(Saved data entries)
== == ==
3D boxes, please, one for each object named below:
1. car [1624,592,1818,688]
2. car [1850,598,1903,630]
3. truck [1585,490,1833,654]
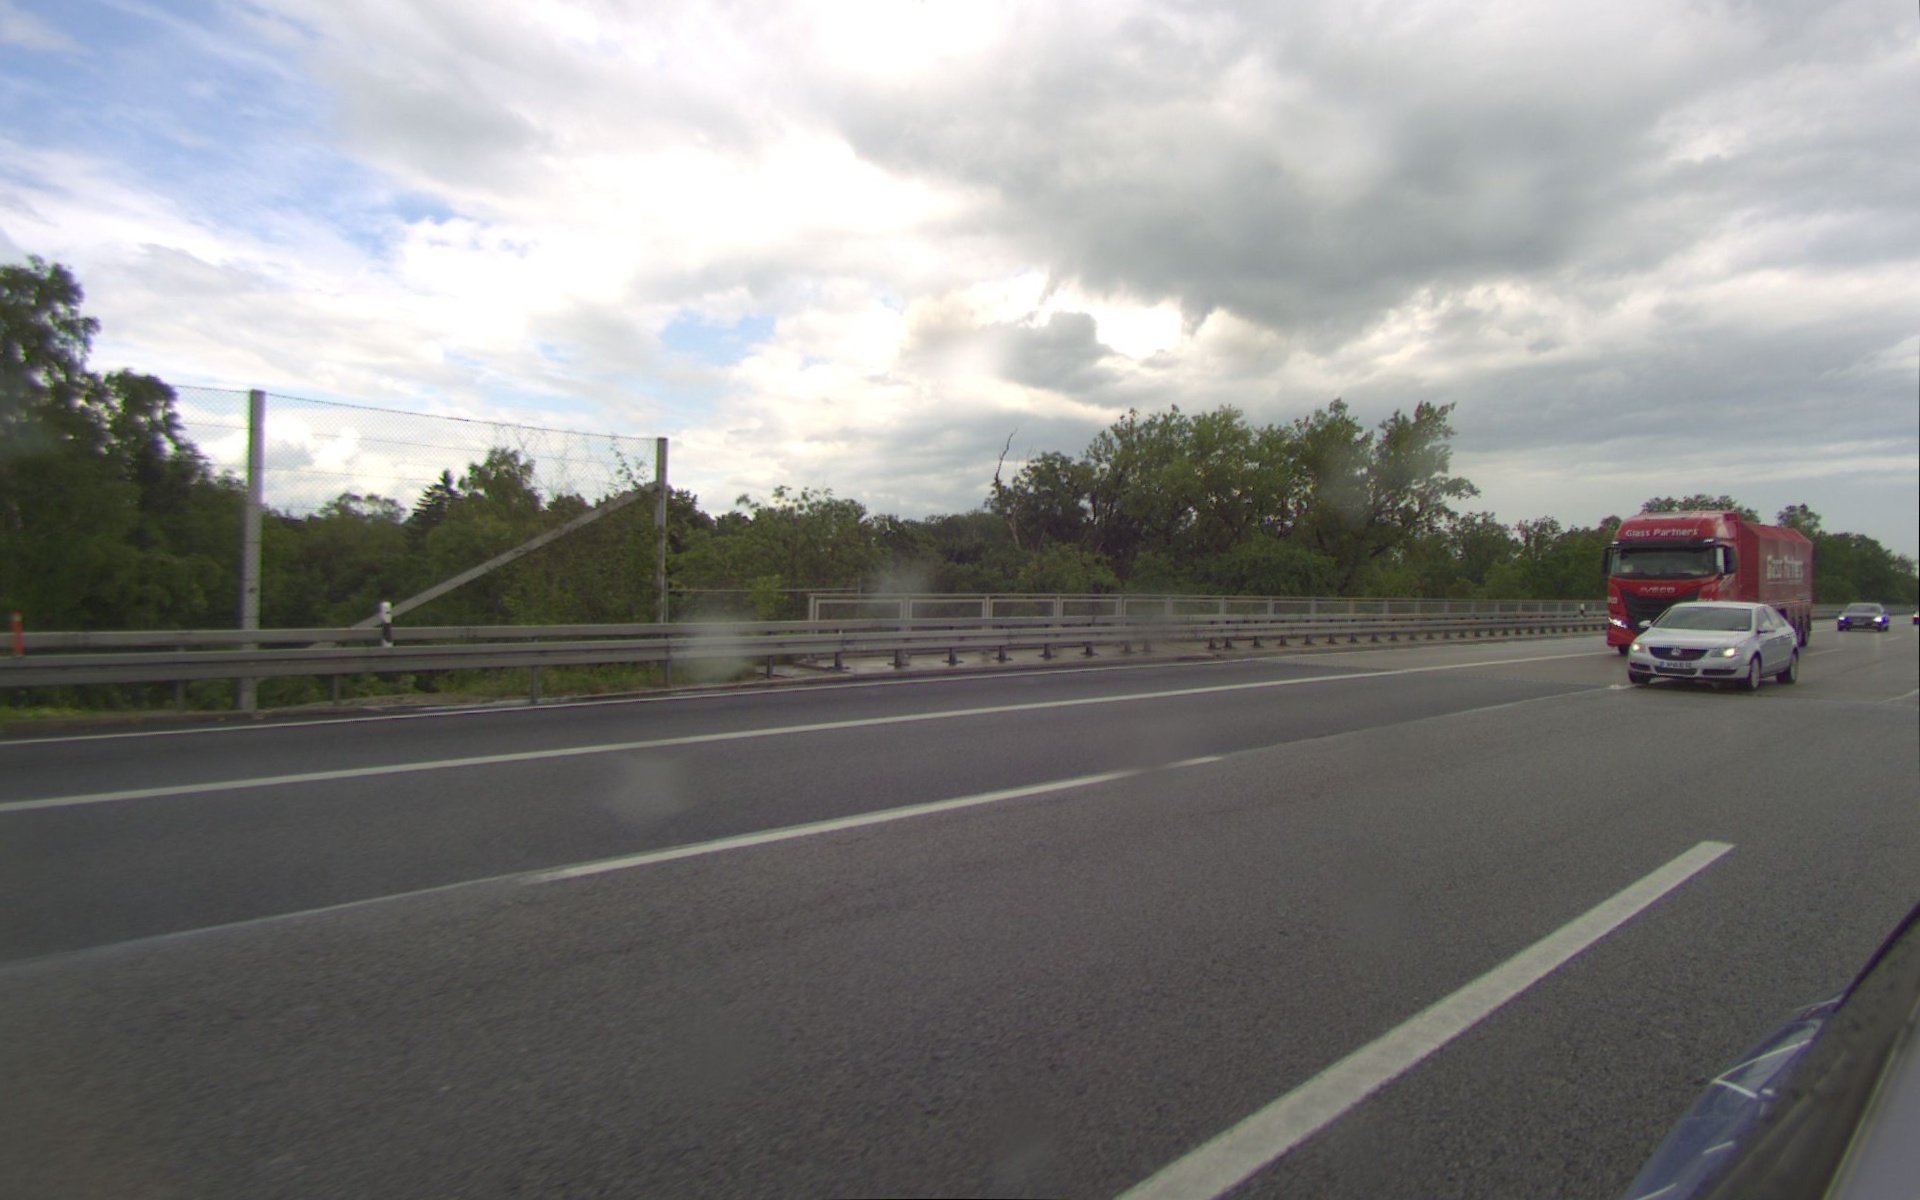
[{"bbox_3d":[13.428,0.625,17.777,4.171,1.465,1.897,0,1,-41],"label":"car"},{"bbox_3d":[48.378,0.722,53.405,4.285,1.562,1.816,0,1,-44],"label":"car"},{"bbox_3d":[23.702,-0.696,31.353,15.366,4.054,3.157,0,1,-42],"label":"truck"}]
== == ==
» **Aim of the exercise**: Copy each line of the records above exactly as written. Do not carry over any picture.

» **Expected answer**:
3D boxes, please, one for each object named below:
1. car [1624,592,1818,688]
2. car [1850,598,1903,630]
3. truck [1585,490,1833,654]
[{"bbox_3d":[13.428,0.625,17.777,4.171,1.465,1.897,0,1,-41],"label":"car"},{"bbox_3d":[48.378,0.722,53.405,4.285,1.562,1.816,0,1,-44],"label":"car"},{"bbox_3d":[23.702,-0.696,31.353,15.366,4.054,3.157,0,1,-42],"label":"truck"}]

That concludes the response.